Use according to claim 6 as a diesel fuel additive for reducing and / or avoiding the internal diesel injector deposits (IDID) due to polymeric deposits.

Use according to one of the preceding claims, wherein the fuel is selected from diesel fuels, biodiesel fuels, gasoline fuels and alkanol, in particular ethanol-containing gasoline.

Use according to one of the preceding claims, characterized in that the variables in the repeating unit W1 have the following meanings:

R ^{1 is} hydrogen,

R ³ is hydrogen,

R ² and R ⁴ together form a grouping -CO-O-CO-.

Use according to any one of the preceding claims, characterized in that 25 to 75 mol% of a repeating unit W3 are present, in which R ^{a is} selected from the group consisting of n-dodecyl, n-tri-decyl, iso-tridecyl, n- Tetradecyl, n-hexadecyl, n-octadecyl, n-eicosyl, n-heneicosyl, n -docosyl, n-tricosyl, n-tetracosyl, n -pentacosyl, and n-hexacosyl.

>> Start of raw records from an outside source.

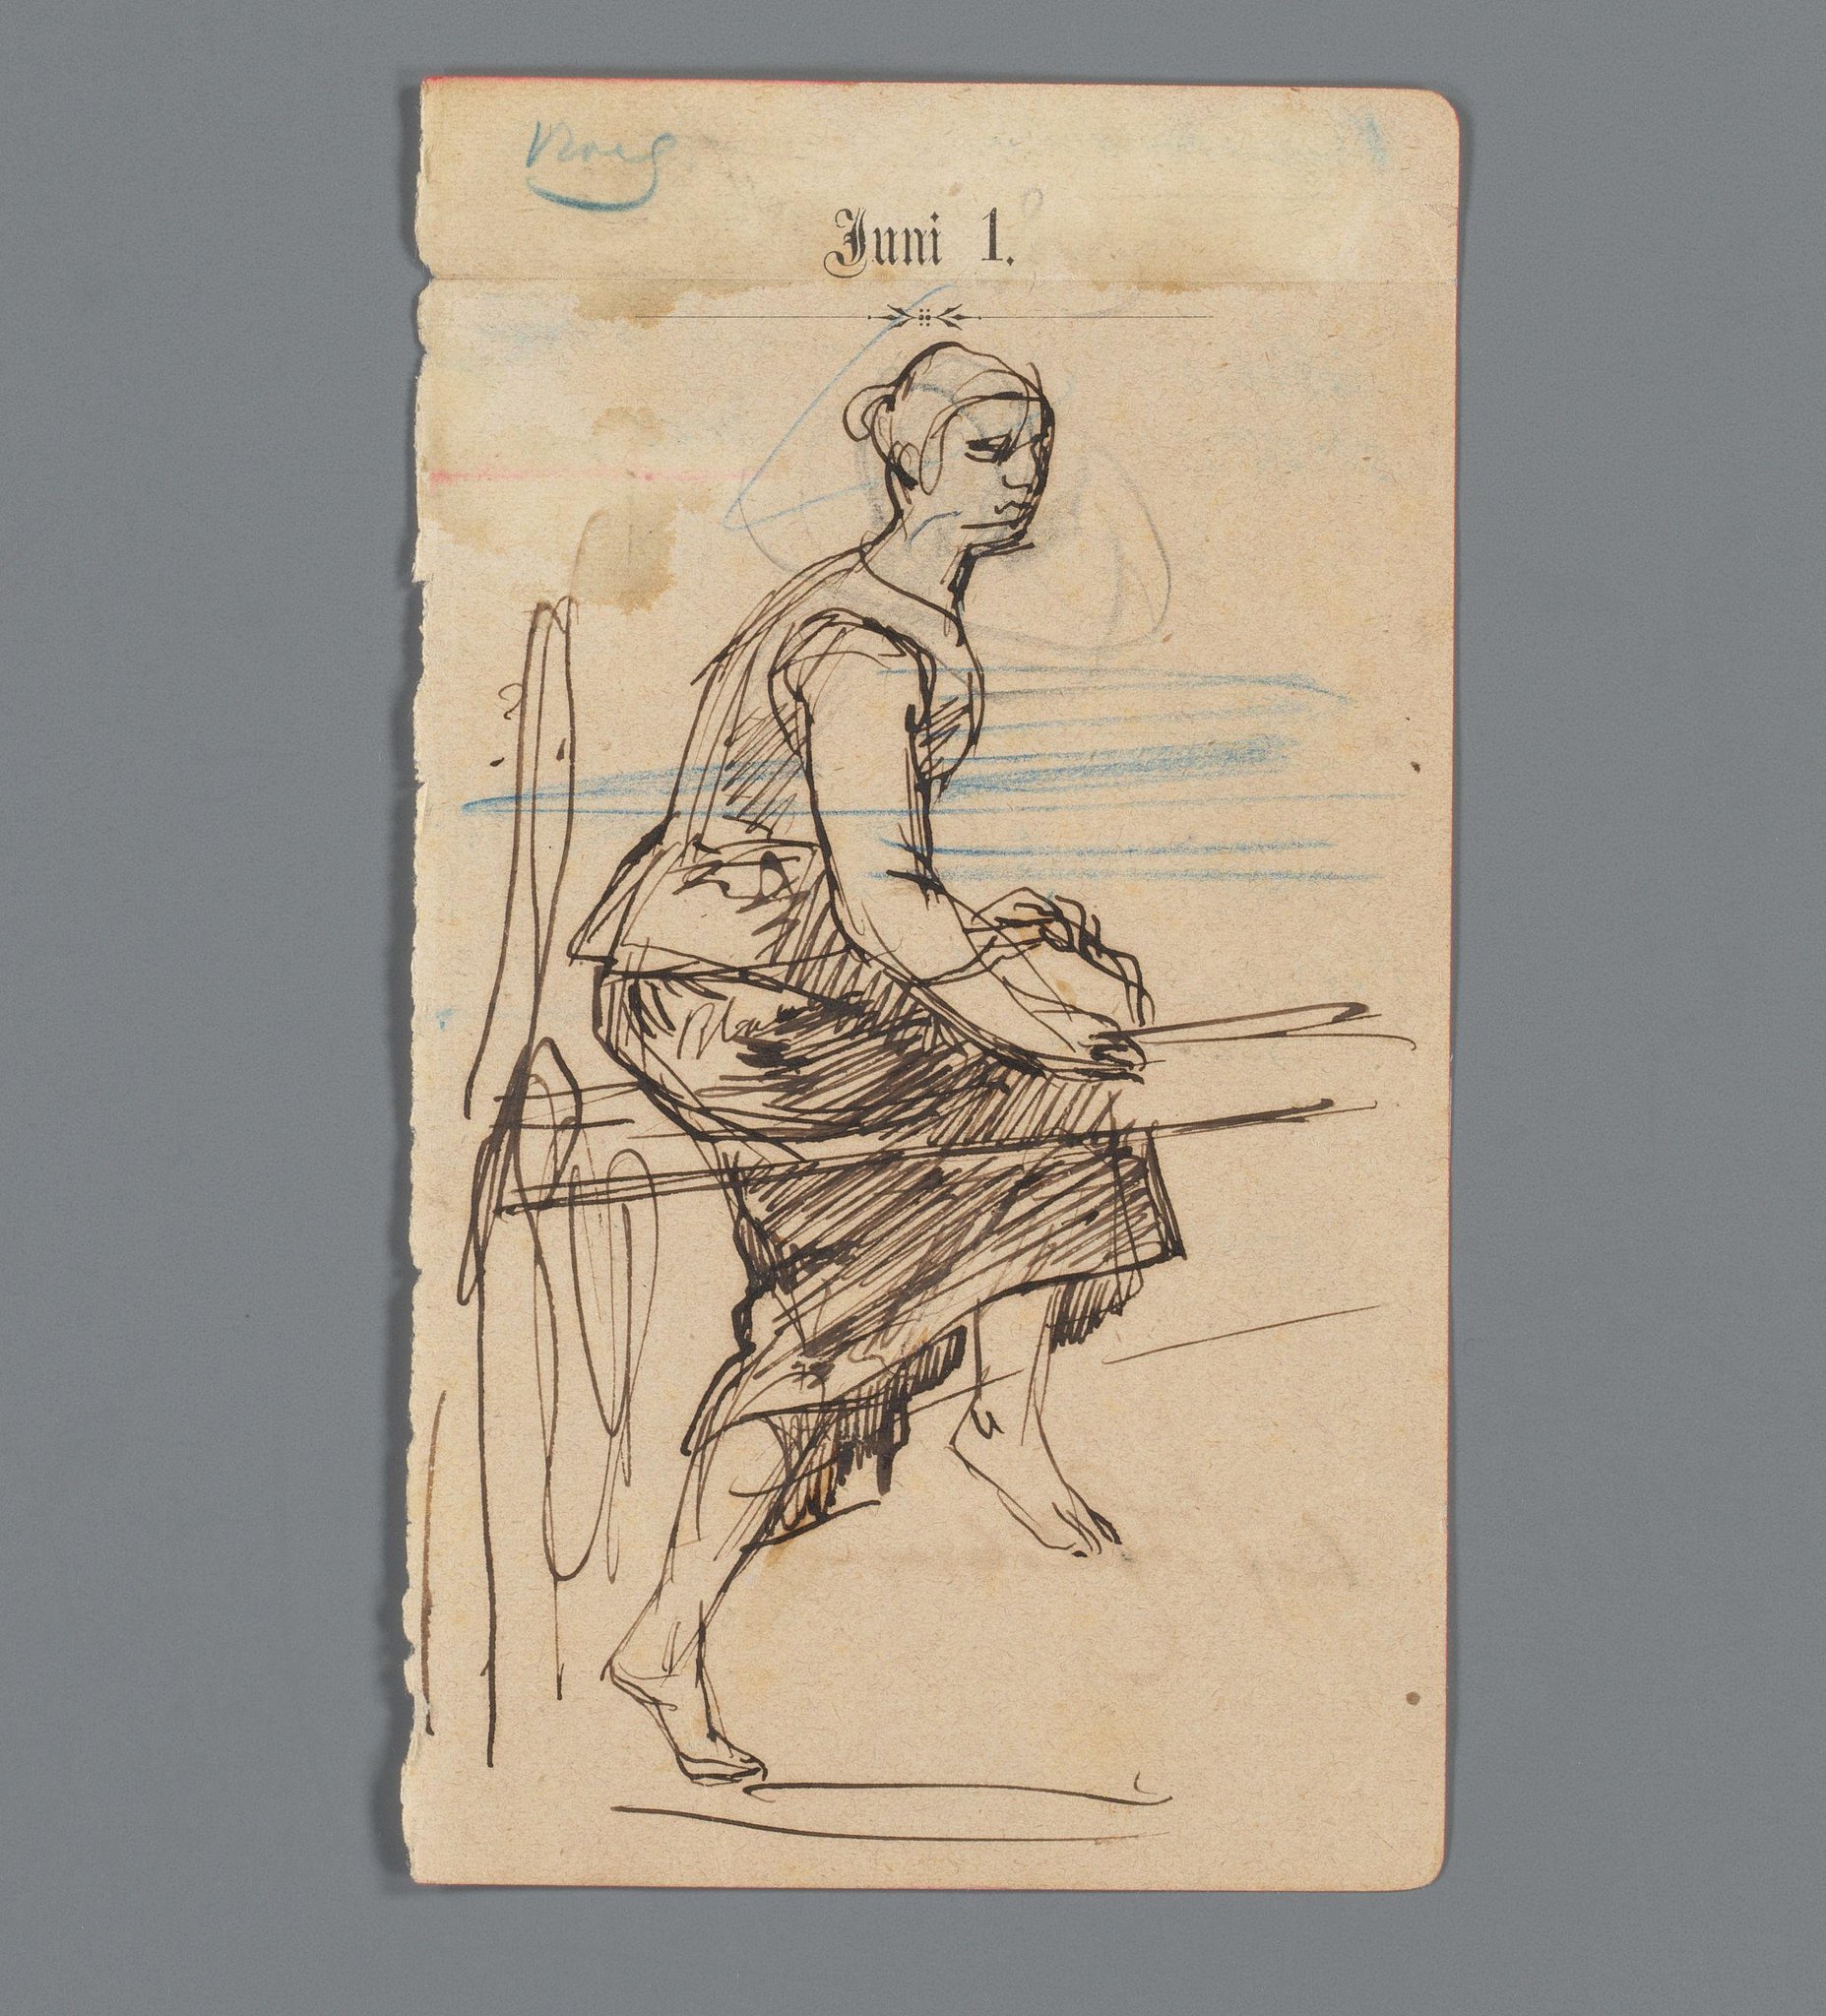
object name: drawing
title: Schets van een zittende vrouw
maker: august allebé
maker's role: draughtsman, print maker
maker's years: 1838-1927
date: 1848-1927
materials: ink, paper, pencil
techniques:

Additive concentrate containing in combination with other diesel or petrol additives or lubricant additives at least one of the polymers as described in claim 1, 10 or 11.

A fuel composition, lubricant composition or kerosene composition, in particular a diesel fuel composition, comprising at least one of the polymers as described in claim 1, 10 or 11.